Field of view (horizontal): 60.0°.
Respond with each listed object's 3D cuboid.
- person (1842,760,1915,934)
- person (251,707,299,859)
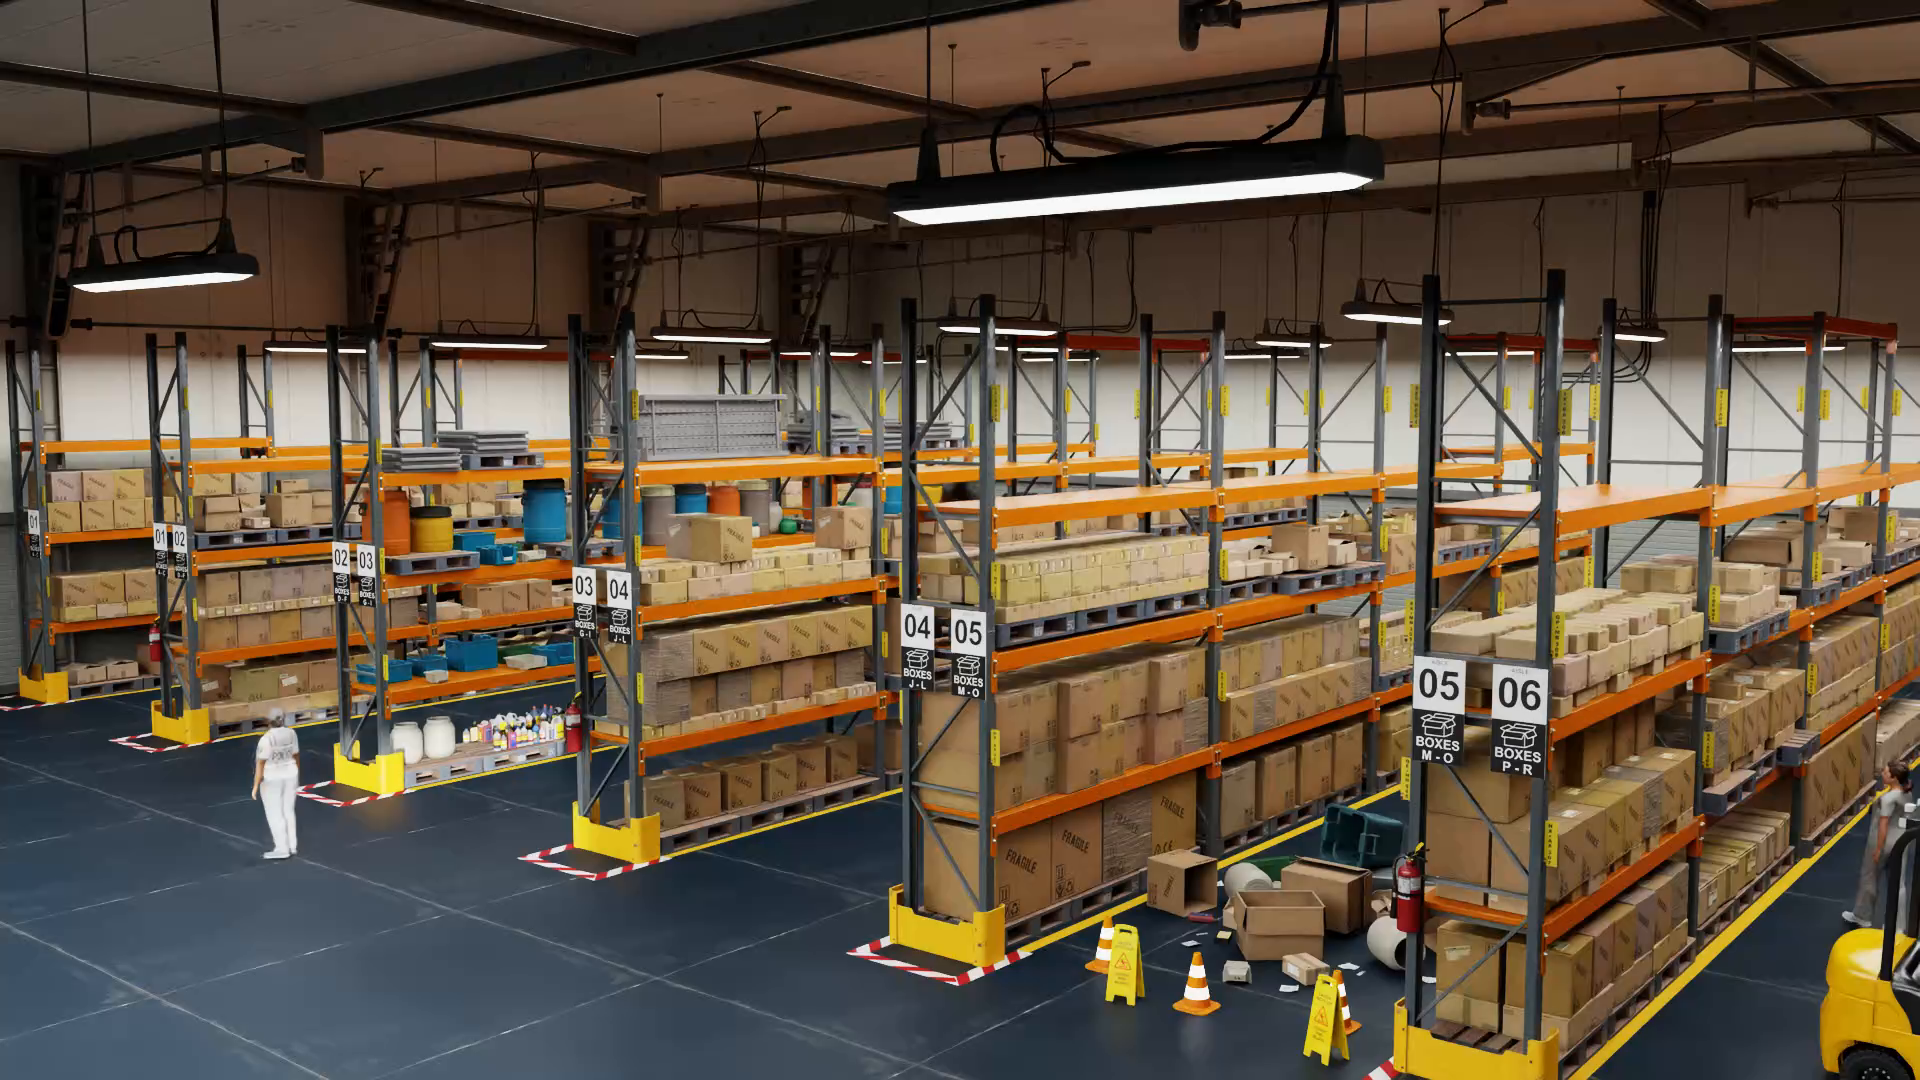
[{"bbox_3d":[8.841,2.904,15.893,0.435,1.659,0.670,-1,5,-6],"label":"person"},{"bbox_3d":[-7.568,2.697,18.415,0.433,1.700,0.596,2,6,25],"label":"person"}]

- - -

• _ACTIVITY_
Although the entries contain pictures, copy everything else in them exactly.

• _ANSWER SECTION_
Field of view (horizontal): 60.0°.
Respond with each listed object's 3D cuboid.
- person (1842,760,1915,934)
- person (251,707,299,859)
[{"bbox_3d":[8.841,2.904,15.893,0.435,1.659,0.670,-1,5,-6],"label":"person"},{"bbox_3d":[-7.568,2.697,18.415,0.433,1.700,0.596,2,6,25],"label":"person"}]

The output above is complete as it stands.